▶ **Data records**:
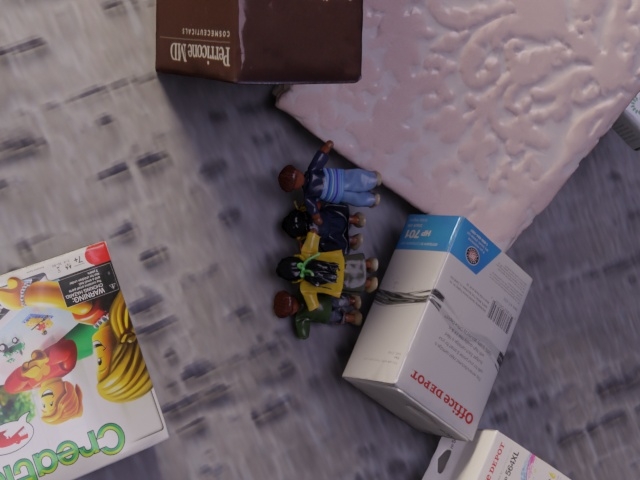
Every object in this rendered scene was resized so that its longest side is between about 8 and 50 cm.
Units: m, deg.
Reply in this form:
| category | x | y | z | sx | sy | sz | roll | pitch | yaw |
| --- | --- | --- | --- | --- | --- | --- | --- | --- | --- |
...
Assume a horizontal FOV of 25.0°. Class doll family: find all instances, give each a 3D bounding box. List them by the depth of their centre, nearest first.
| category | x | y | z | sx | sy | sz | roll | pitch | yaw |
| --- | --- | --- | --- | --- | --- | --- | --- | --- | --- |
| doll family | 0.000 | 0.000 | 1.432 | 0.111 | 0.076 | 0.193 | 6 | 78 | -26 |

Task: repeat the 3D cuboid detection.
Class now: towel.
| category | x | y | z | sx | sy | sz | roll | pitch | yaw |
| --- | --- | --- | --- | --- | --- | --- | --- | --- | --- |
| towel | 0.165 | -0.184 | 1.462 | 0.317 | 0.053 | 0.332 | 34 | 104 | -20 |

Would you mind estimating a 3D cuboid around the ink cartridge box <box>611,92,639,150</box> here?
| category | x | y | z | sx | sy | sz | roll | pitch | yaw |
| --- | --- | --- | --- | --- | --- | --- | --- | --- | --- |
| ink cartridge box | 0.347 | -0.325 | 1.583 | 0.324 | 0.071 | 0.330 | -44 | 92 | -13 |

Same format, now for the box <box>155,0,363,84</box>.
| category | x | y | z | sx | sy | sz | roll | pitch | yaw |
| --- | --- | --- | --- | --- | --- | --- | --- | --- | --- |
| box | -0.059 | -0.337 | 1.320 | 0.143 | 0.191 | 0.381 | -6 | 101 | -28 |

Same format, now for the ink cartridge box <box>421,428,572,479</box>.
| category | x | y | z | sx | sy | sz | roll | pitch | yaw |
| --- | --- | --- | --- | --- | --- | --- | --- | --- | --- |
| ink cartridge box | 0.177 | 0.259 | 1.489 | 0.143 | 0.090 | 0.092 | 34 | 69 | -22 |

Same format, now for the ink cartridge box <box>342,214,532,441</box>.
| category | x | y | z | sx | sy | sz | roll | pitch | yaw |
| --- | --- | --- | --- | --- | --- | --- | --- | --- | --- |
| ink cartridge box | 0.122 | 0.088 | 1.465 | 0.139 | 0.082 | 0.191 | 39 | 68 | -38 |

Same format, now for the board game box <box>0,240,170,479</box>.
| category | x | y | z | sx | sy | sz | roll | pitch | yaw |
| --- | --- | --- | --- | --- | --- | --- | --- | --- | --- |
| board game box | -0.299 | 0.138 | 1.254 | 0.305 | 0.053 | 0.193 | -21 | 95 | -30 |

▶ **What needs to be done**:
A word-for-word copy of the records is required. Leave out every picture.

▶ **Solution to this problem**:
Every object in this rendered scene was resized so that its longest side is between about 8 and 50 cm.
Units: m, deg.
Reply in this form:
| category | x | y | z | sx | sy | sz | roll | pitch | yaw |
| --- | --- | --- | --- | --- | --- | --- | --- | --- | --- |
...
Assume a horizontal FOV of 25.0°. Class doll family: find all instances, give each a 3D bounding box. List them by the depth of their centre, nearest first.
| category | x | y | z | sx | sy | sz | roll | pitch | yaw |
| --- | --- | --- | --- | --- | --- | --- | --- | --- | --- |
| doll family | 0.000 | 0.000 | 1.432 | 0.111 | 0.076 | 0.193 | 6 | 78 | -26 |

Task: repeat the 3D cuboid detection.
Class now: towel.
| category | x | y | z | sx | sy | sz | roll | pitch | yaw |
| --- | --- | --- | --- | --- | --- | --- | --- | --- | --- |
| towel | 0.165 | -0.184 | 1.462 | 0.317 | 0.053 | 0.332 | 34 | 104 | -20 |

Would you mind estimating a 3D cuboid around the ink cartridge box <box>611,92,639,150</box> here?
| category | x | y | z | sx | sy | sz | roll | pitch | yaw |
| --- | --- | --- | --- | --- | --- | --- | --- | --- | --- |
| ink cartridge box | 0.347 | -0.325 | 1.583 | 0.324 | 0.071 | 0.330 | -44 | 92 | -13 |

Same format, now for the box <box>155,0,363,84</box>.
| category | x | y | z | sx | sy | sz | roll | pitch | yaw |
| --- | --- | --- | --- | --- | --- | --- | --- | --- | --- |
| box | -0.059 | -0.337 | 1.320 | 0.143 | 0.191 | 0.381 | -6 | 101 | -28 |

Same format, now for the ink cartridge box <box>421,428,572,479</box>.
| category | x | y | z | sx | sy | sz | roll | pitch | yaw |
| --- | --- | --- | --- | --- | --- | --- | --- | --- | --- |
| ink cartridge box | 0.177 | 0.259 | 1.489 | 0.143 | 0.090 | 0.092 | 34 | 69 | -22 |

Same format, now for the ink cartridge box <box>342,214,532,441</box>.
| category | x | y | z | sx | sy | sz | roll | pitch | yaw |
| --- | --- | --- | --- | --- | --- | --- | --- | --- | --- |
| ink cartridge box | 0.122 | 0.088 | 1.465 | 0.139 | 0.082 | 0.191 | 39 | 68 | -38 |

Same format, now for the board game box <box>0,240,170,479</box>.
| category | x | y | z | sx | sy | sz | roll | pitch | yaw |
| --- | --- | --- | --- | --- | --- | --- | --- | --- | --- |
| board game box | -0.299 | 0.138 | 1.254 | 0.305 | 0.053 | 0.193 | -21 | 95 | -30 |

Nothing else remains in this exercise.